For a technical user: setup is under 15 minutes. For someone new to Docker: 1–2 hours following a general Docker Compose guide. An online demo is available at http://152.70.175.46/ if you want to see the UI before deploying [README].


Pros and Cons

Pros

  • Zero-dependency binary. Rust compiled to a fully static musl binary. No glibc version conflicts, no runtime surprises. Runs on anything Linux [README].
  • Read-only by design. The photo volume is mounted :ro. The application literally cannot modify your photo library — a genuine safety guarantee [README].
  • MIT licensed. Do whatever you want with it [README].
  • Multi-arch Docker images. arm64 and arm/v7 support means it deploys on Raspberry Pi and ARM-based NAS devices without cross-compilation headaches [README].
  • No external database. Metadata is cached in memory, app data in a local folder. No PostgreSQL, no Redis, no external dependencies.
  • Listed on Awesome-Selfhosted. A basic quality signal that someone reviewed it for inclusion [README].
  • Sensible fallback behavior.

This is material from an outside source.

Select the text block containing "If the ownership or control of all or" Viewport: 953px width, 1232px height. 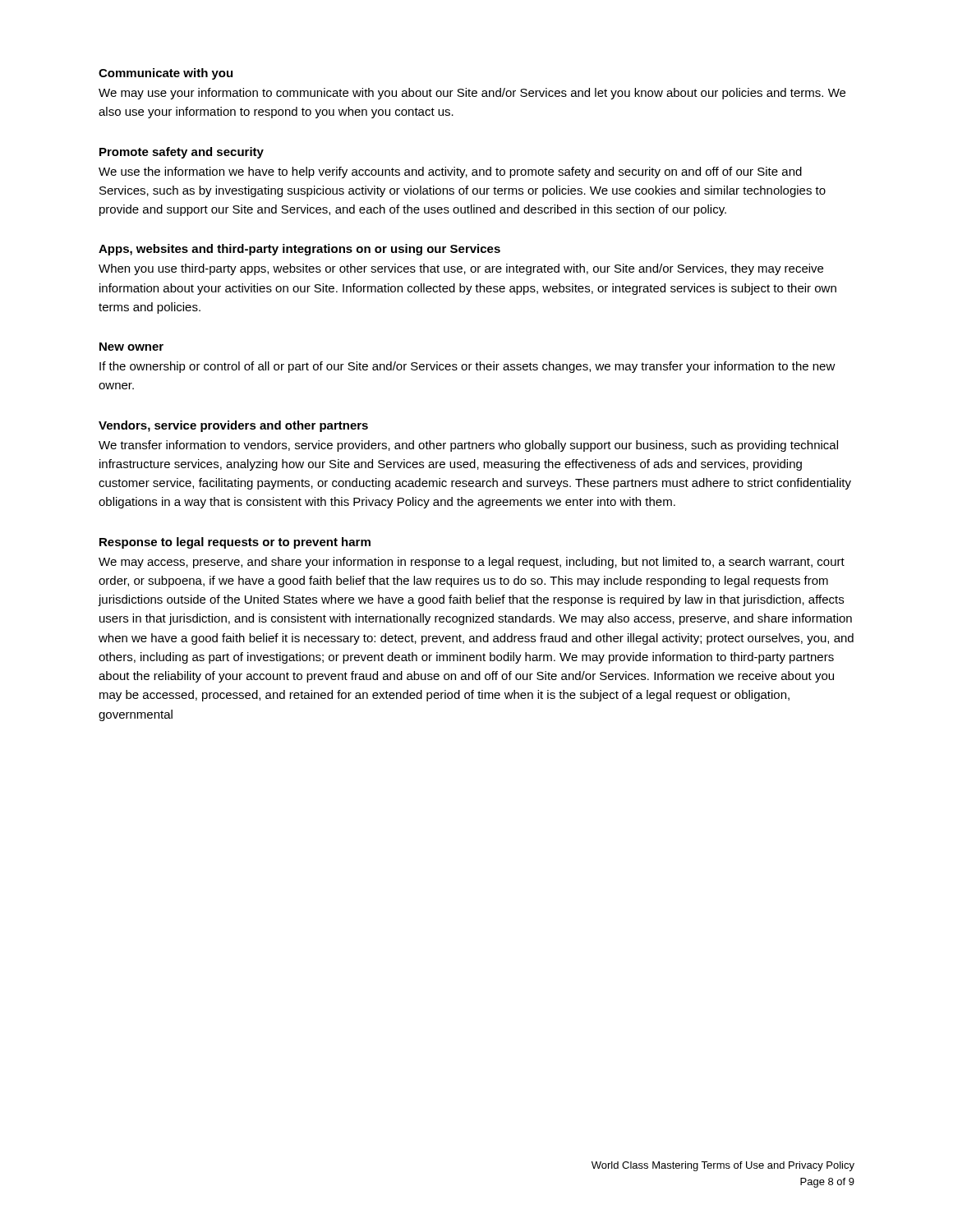point(467,375)

Random images when no week-match exists means the display is never empty [README].

Cons

  • 100 GitHub stars. This is a small project. If it stops being maintained, there’s no large community to pick it up. Issues may go unanswered [README].
  • No authentication. Fine for a TV on your home network; a security gap if you try to expose it externally without a reverse proxy.
  • EXIF-dependent. Photos without proper EXIF date metadata won’t participate in week filtering. This is a real issue for libraries with mixed sources (old scans, messenger downloads, screenshots).
  • Display only. You need a separate photo manager. This doesn’t replace Immich or PhotoPrism — it sits alongside them.
  • No third-party reviews. There’s no independent coverage to validate real-world performance at scale, stability over time, or edge case behavior.
  • REST API underdocumented in publicly available materials. The feature exists but the surface isn’t clear without reading source code.
  • Weather widget requires external API keys. Minor friction, and weather APIs have their own rate limits and potential future costs.

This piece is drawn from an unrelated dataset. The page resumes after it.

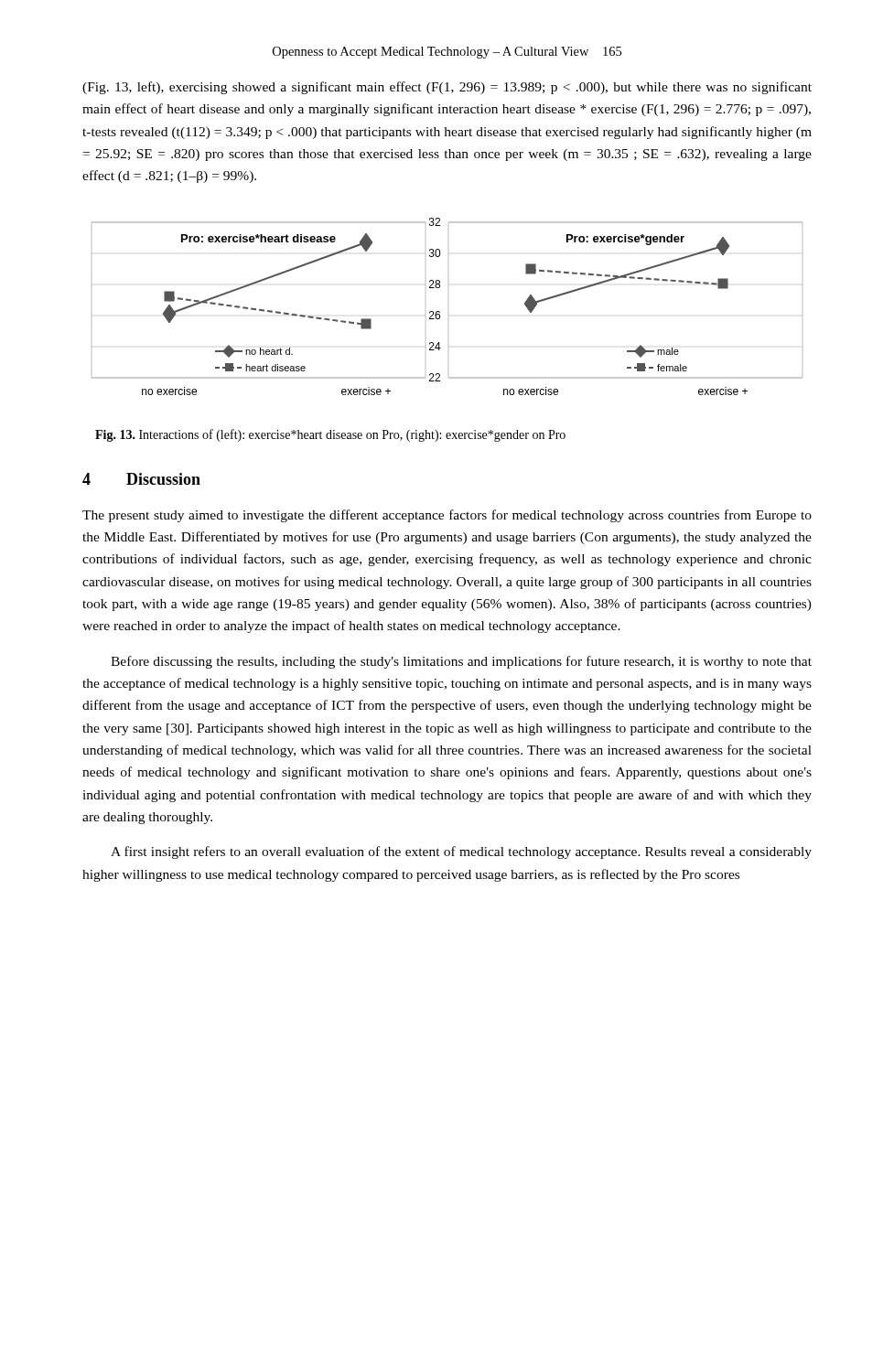
Task: Select the text block that says "(Fig. 13, left),"
Action: pos(447,131)

Who Should Use This / Who Shouldn’t

Use This Week in Past if:

  • You’ve already moved to a self-hosted photo manager (Immich, PhotoPrism, a network share) and miss the automatic “memories” slideshow from Google Photos.
  • You want something running on a TV, a wall display, or a home dashboard that cycles through historical photos without requiring any interaction.
  • You’re on a Raspberry Pi or ARM NAS and want a genuinely lightweight option — a statically compiled Rust binary is about as lightweight as it gets.
  • Your photo library is well-organized with proper EXIF metadata (typically true if you’ve used a camera or an unmodified smartphone library).

Skip it if:

  • You’re looking for a complete self-hosted photo solution. This is not Immich. It doesn’t store, manage, or organize photos.
  • Your library includes a large number of photos without EXIF metadata — the core feature won’t work for them.
  • You need access control — no built-in authentication means you’ll need a reverse proxy with auth before any internet-facing deployment.
  • You need active community support or long-term maintenance guarantees. At 100 stars, this is a single-developer project.

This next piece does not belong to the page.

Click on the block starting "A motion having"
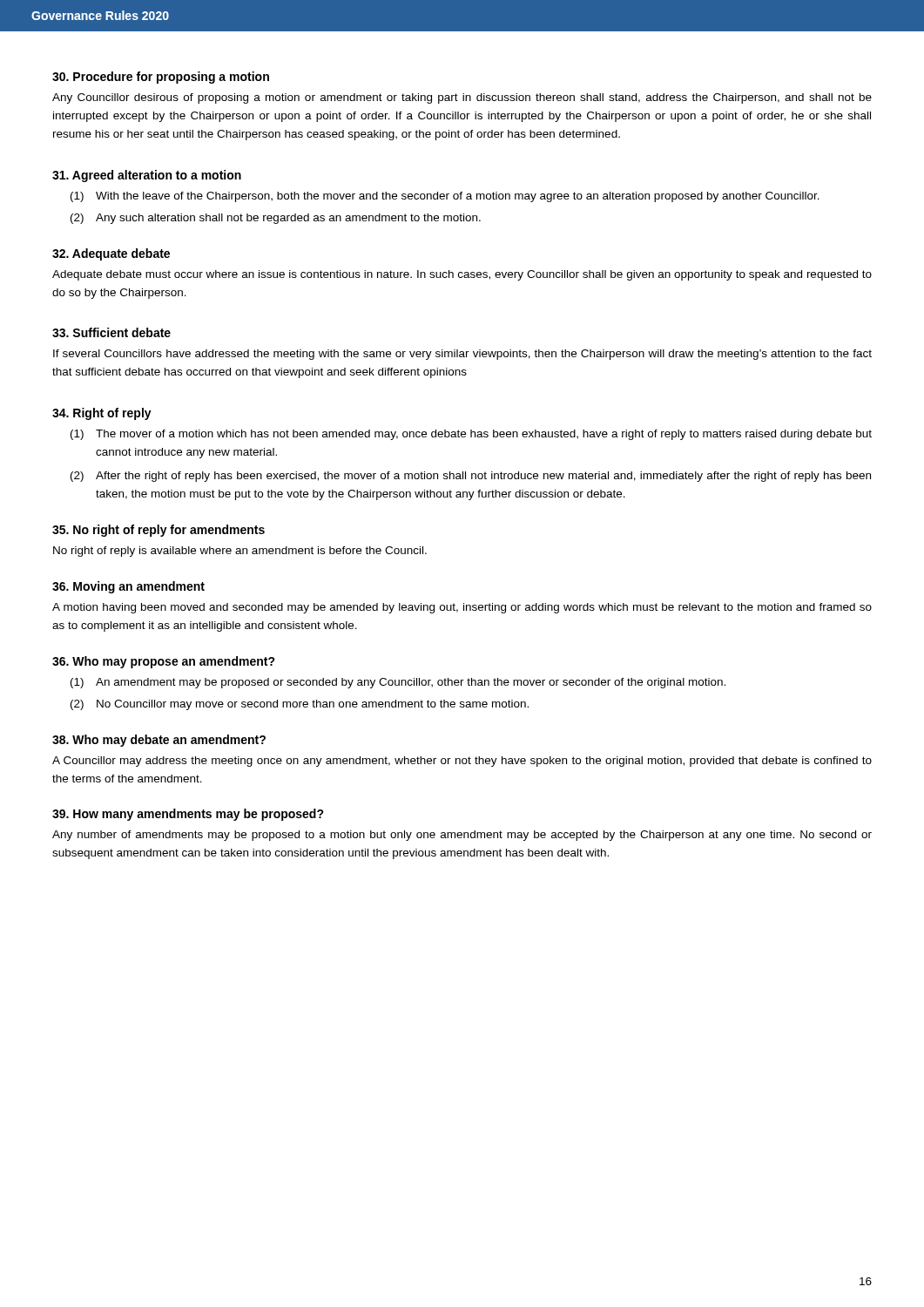pos(462,616)

Alternatives Worth Considering

  • Immich — Full-featured self-hosted Google Photos replacement. Has its own “memories” / “on this day” feature built in. If you don’t have a photo manager yet, start here rather than building a stack around This Week in Past. Active development, large community, 60,000+ GitHub stars.
  • PhotoPrism — The self-hosted manager specifically mentioned in This Week in Past’s origin story [README]. More search/discovery focused than Immich, also has timeline browsing. No built-in “this week in past” equivalent, which is why this tool exists.
  • Lychee — Photo management with public album sharing. No memories feature.
  • LibrePhotos — Open-source Google Photos alternative with face recognition. Less actively maintained than Immich.
  • Google Photos — The tool this replaces. If you have fewer than 15GB and don’t care about privacy or vendor lock-in, the free tier is still the easiest option.
  • Piwigo — Older, established photo gallery. Plugin ecosystem but no automatic memories feature out of the box.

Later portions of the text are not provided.